┌─ TASK INPUT
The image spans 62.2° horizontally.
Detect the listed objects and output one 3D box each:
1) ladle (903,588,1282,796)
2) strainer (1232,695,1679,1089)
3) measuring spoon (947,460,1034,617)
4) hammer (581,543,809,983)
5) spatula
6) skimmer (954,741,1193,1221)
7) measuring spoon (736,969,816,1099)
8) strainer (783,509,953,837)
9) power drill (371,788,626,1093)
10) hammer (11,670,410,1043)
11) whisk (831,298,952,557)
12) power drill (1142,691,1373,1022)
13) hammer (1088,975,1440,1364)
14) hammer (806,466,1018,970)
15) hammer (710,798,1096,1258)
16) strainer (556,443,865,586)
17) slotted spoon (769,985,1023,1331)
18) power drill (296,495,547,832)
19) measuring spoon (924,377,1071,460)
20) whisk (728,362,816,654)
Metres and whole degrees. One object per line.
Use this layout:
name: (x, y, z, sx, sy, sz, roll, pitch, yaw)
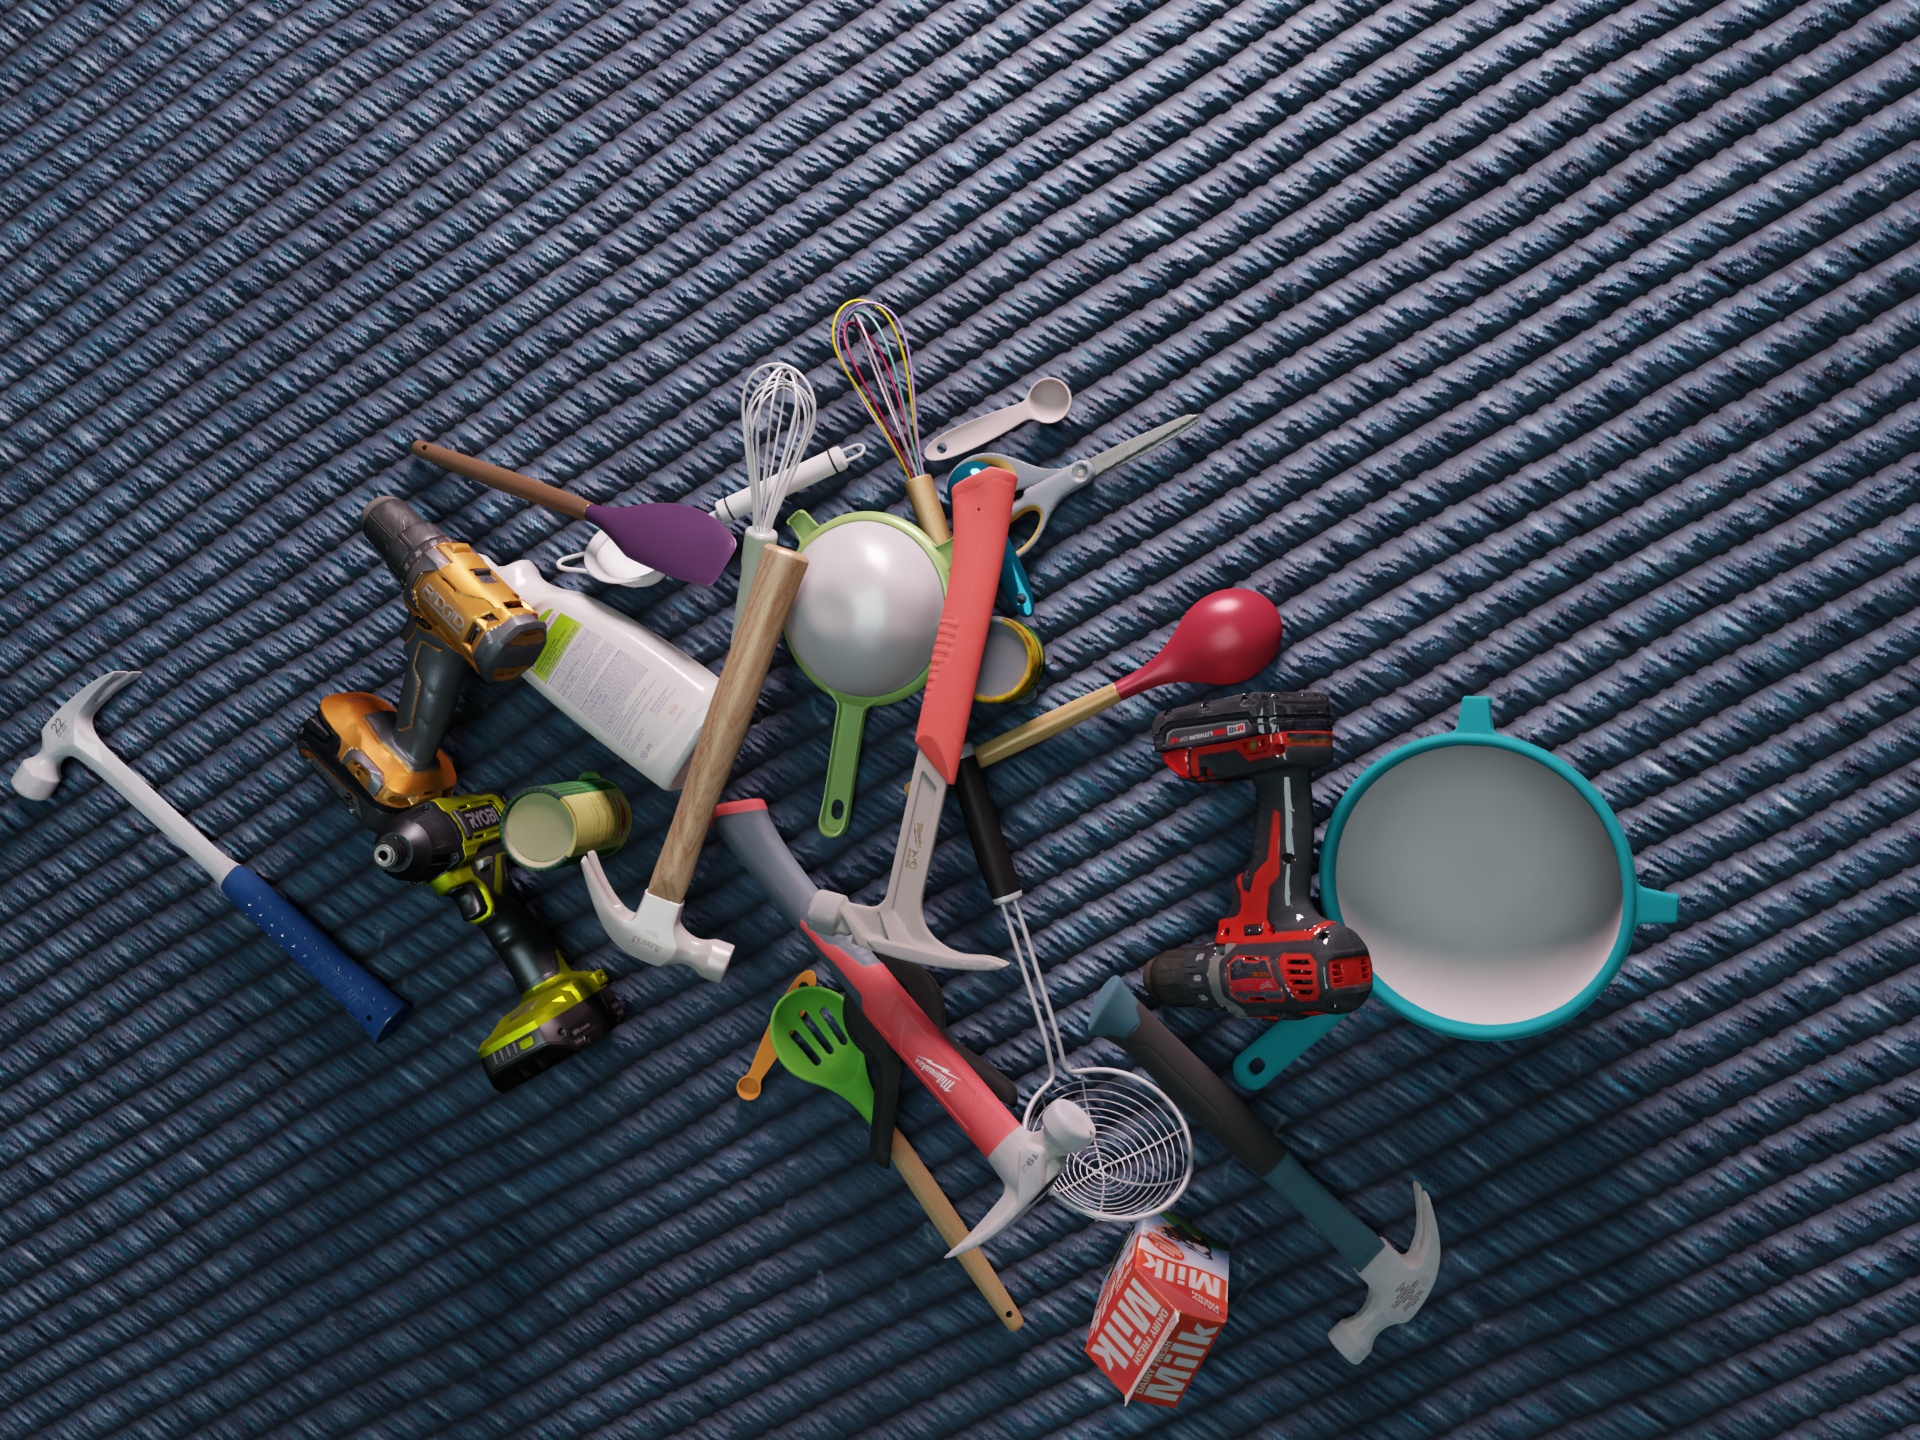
└─
[PROBLEM TO SOLVE]: Each line above that holds the string "drill" should be copied and shown.

[EXPECTED ANSWER]:
9) power drill (371,788,626,1093)
12) power drill (1142,691,1373,1022)
18) power drill (296,495,547,832)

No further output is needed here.